I ran the algorithms over the same games from the standard game generator that covers many important game classes and is widely used for evaluating game-theoretic algorithms. In fact, I used the same exact game classes and similar parameter settings to prior experiments by Professor Sandholm on evaluating algorithms for multiplayer games. In fact, fictitious play converged to equilibrium on nearly all of the games experimented on, so it is false that the algorithms are “known not to converge” on these games.

Normal-form games are the most basic and widely-studied game representation, so it seems very natural to study them. Often results from normal-form games also carry over to more complicated game representations such as extensive form, but regardless, it seems clearly interesting in its own right whether fictitious play or CFR performs better in normal-form games. Comparing the algorithms in extensive-form games is also a bit more challenging because there are a lot of different variants (the algorithms can be combined with various forms of sampling and deep learning), and no established benchmark database of games to compare like there is with the GAMUT generator for normal-form games (often the algorithms are compared on specific versions of simplified two-player forms of games like poker). It seems natural to study the core versions of the algorithms in a simple setting where they can be clearly assessed across a broad selection of realistic game classes that have been previously studied.

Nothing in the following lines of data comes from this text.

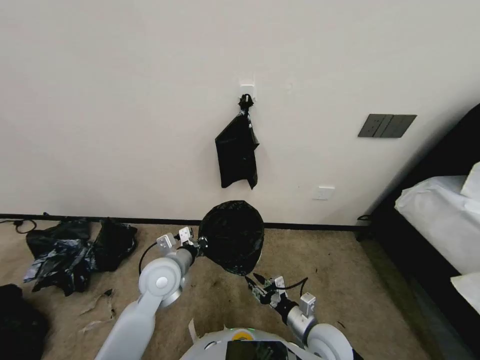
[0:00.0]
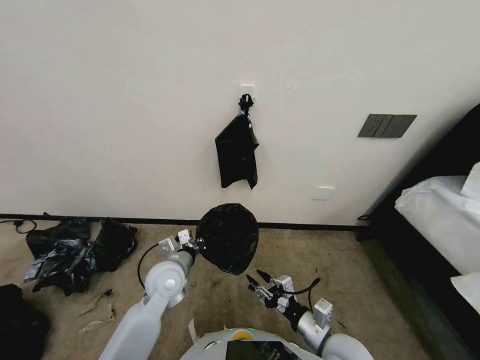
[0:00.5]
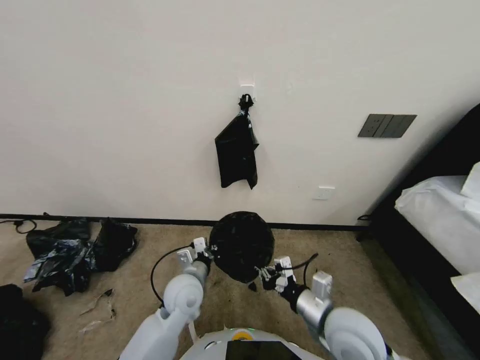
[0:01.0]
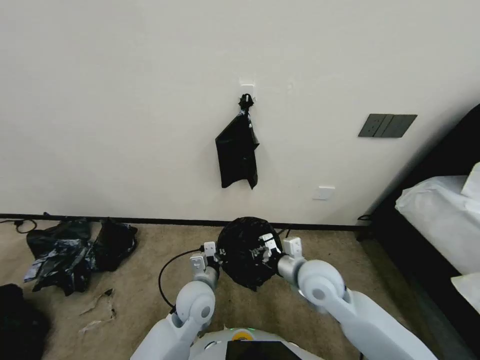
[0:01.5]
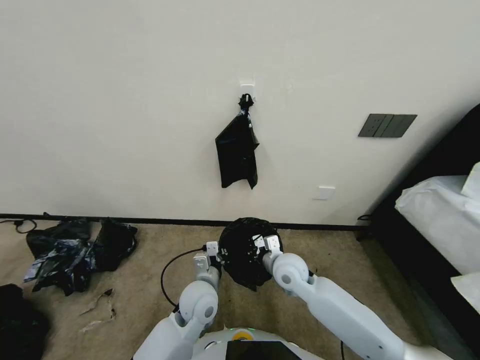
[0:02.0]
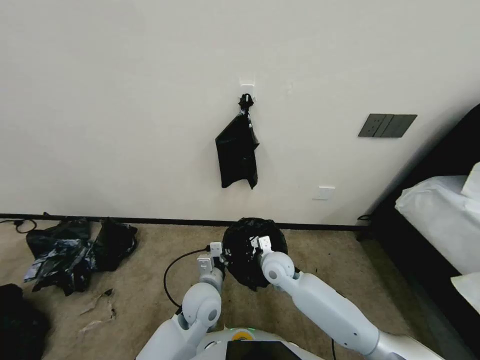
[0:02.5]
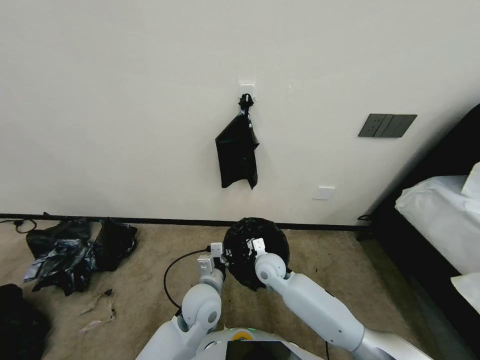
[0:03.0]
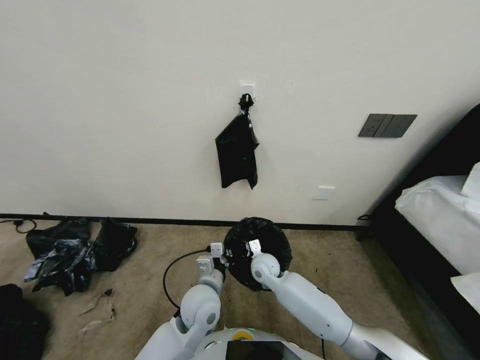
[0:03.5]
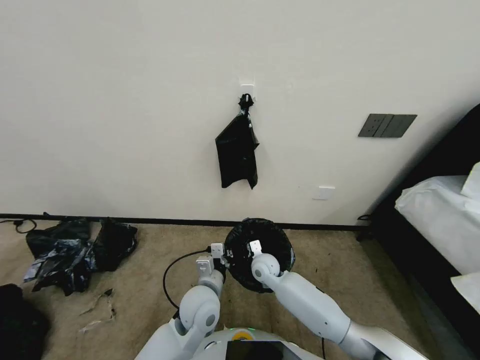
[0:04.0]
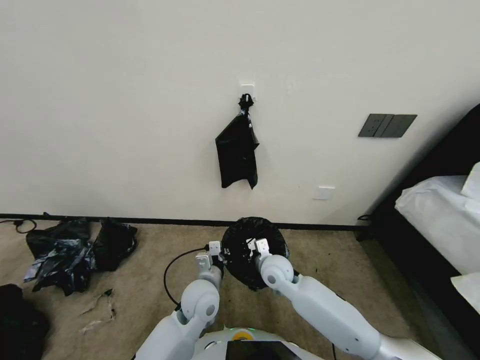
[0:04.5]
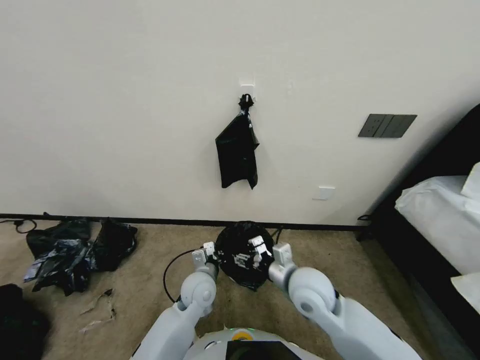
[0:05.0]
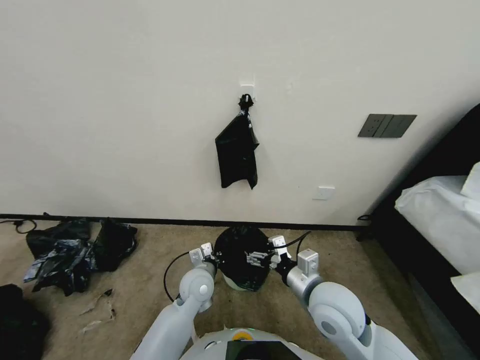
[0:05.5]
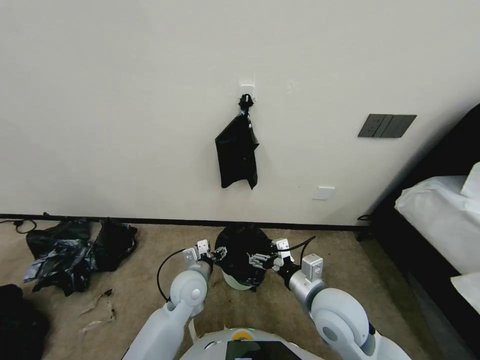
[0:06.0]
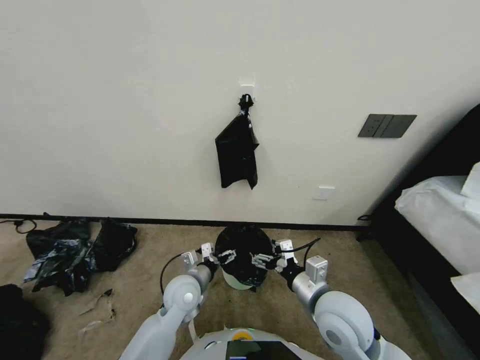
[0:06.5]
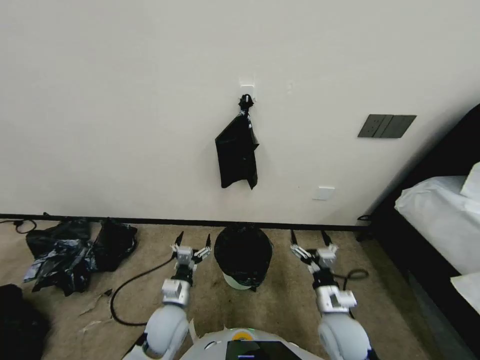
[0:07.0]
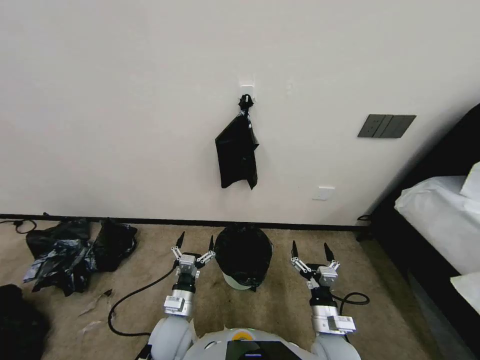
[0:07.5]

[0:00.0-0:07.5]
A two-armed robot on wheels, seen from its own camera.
Task of the whole recording: Place a trash bag onto the trash bin.
0:00.0 to 0:02.0: The left gripper shifts about 10 cm to the right and downward. Meanwhile the right gripper goes about 20 cm forward, upward and to the left.
0:02.0 to 0:04.0: The right gripper goes about 15 cm downward, forward and to the left.
0:04.0 to 0:05.5: The right gripper heads upward, backward and to the right, covering approximately 25 cm, and opens. Meanwhile the left gripper is displaced forward by about 5 cm.
0:05.5 to 0:07.5: The left gripper heads backward and to the left, covering approximately 15 cm, and opens up. The right gripper moves downward and backward, roughly 15 cm.

Finally, the reviewer states, “Or, for games outside two-player zero-sum, a different metric should be used that matches the convergence guarantees of each algorithm (such as approximate coarse-correlated equilibria).” Here I think the reviewer misses an important point. Neither of these algorithms was created with the goal of computing “approximate coarse-correlated equilibrium” in multiplayer games. As mentioned above, fictitious play was developed as a learning algorithm, and CFR for computing Nash equilibrium in two-player zero-sum games. It was only later, in search of some sort of theoretical guarantee for multiplayer games, that it was proven that both algorithms are guaranteed to converge to an “approximate coarse-correlated equilibrium,” which is arcane solution concept that I have never seen be applied outside of this context. This concept is only really “interesting” because it is the only guarantee that has been developed for the algorithms. It does not seem interesting to compare how closely the algorithms converge empirically to a “coarse-correlated equilibrium,” a concept that is essentially only interesting because of the algorithms themselves.

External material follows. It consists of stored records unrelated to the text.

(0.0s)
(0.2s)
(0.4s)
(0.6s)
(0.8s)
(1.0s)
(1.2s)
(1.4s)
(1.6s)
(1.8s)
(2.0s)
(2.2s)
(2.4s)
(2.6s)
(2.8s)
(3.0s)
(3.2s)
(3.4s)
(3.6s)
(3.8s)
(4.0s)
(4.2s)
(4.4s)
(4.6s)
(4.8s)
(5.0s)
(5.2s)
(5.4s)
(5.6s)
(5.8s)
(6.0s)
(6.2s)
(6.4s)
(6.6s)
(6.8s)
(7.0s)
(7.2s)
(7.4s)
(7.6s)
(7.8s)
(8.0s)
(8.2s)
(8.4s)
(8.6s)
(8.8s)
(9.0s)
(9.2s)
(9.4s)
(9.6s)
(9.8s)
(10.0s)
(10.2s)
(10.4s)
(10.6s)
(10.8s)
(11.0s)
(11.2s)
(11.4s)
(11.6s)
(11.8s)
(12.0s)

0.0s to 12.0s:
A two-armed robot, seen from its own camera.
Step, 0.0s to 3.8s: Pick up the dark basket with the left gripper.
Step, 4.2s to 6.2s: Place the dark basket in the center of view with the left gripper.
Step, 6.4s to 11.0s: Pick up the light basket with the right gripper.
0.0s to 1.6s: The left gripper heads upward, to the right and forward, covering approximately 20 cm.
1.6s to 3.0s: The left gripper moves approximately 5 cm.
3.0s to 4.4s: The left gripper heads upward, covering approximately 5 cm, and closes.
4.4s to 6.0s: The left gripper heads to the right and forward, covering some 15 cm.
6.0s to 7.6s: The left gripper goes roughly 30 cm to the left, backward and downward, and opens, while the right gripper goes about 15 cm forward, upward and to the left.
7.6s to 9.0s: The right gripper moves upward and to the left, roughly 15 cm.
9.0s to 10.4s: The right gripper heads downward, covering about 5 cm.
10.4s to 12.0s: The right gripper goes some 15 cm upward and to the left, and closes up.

Nash equilibrium is the central solution concept in game theory, even for multiplayer games, despite its limitations. It is a very natural, and interesting, question to ask whether CFR or fictitious play performs better in terms of approximating Nash equilibrium, especially as both algorithms have been applied for the goal of doing exactly that. I personally have applied fictitious play to successfully approximate Nash equilibrium in several multiplayer poker and national security scenarios, and CFR was recently applied to multiplayer poker with the goal of approximating Nash equilibrium.

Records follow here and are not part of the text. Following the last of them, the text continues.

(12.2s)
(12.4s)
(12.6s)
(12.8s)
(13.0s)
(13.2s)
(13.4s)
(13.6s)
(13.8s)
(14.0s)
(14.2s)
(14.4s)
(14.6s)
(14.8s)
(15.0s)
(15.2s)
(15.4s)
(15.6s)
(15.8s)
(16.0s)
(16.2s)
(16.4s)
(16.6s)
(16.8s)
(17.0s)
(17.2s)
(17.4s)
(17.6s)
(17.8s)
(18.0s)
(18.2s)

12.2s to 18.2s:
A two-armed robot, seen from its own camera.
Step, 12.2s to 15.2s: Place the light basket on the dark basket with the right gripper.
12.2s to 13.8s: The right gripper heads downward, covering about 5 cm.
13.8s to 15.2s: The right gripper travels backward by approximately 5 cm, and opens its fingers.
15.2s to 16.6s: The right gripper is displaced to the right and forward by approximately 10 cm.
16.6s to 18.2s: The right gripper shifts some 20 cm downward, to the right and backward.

The conference had also instituted a policy that at least one author from each paper submission would be required to review papers, so obviously now that my papers are both desk rejected I am no longer reviewing. I guess this new desk-reject system is a win-win-win. I would just as soon receive my paper rejections now (giving myself more time to submit them to another venue) and avoid spending many hours unpaid reviewing six papers, than to wait several months to receive the rejections. NeurIPS benefits by removing these weak submissions and reducing the load of reviewers. And the authors of other NeurIPS submissions also benefit because now an incompetent reviewer is removed from the pool (certainly someone who writes two papers that are both so bad as to be desk rejected is not qualified to review papers for that conference). So it appears this new desk reject system is a big success. It is exciting to see the AI conferences employing all these brilliant new methods to ensure higher quality of the publications. I can’t wait to see what’s in store with AAAI’s new “Two-phase reviewing” process!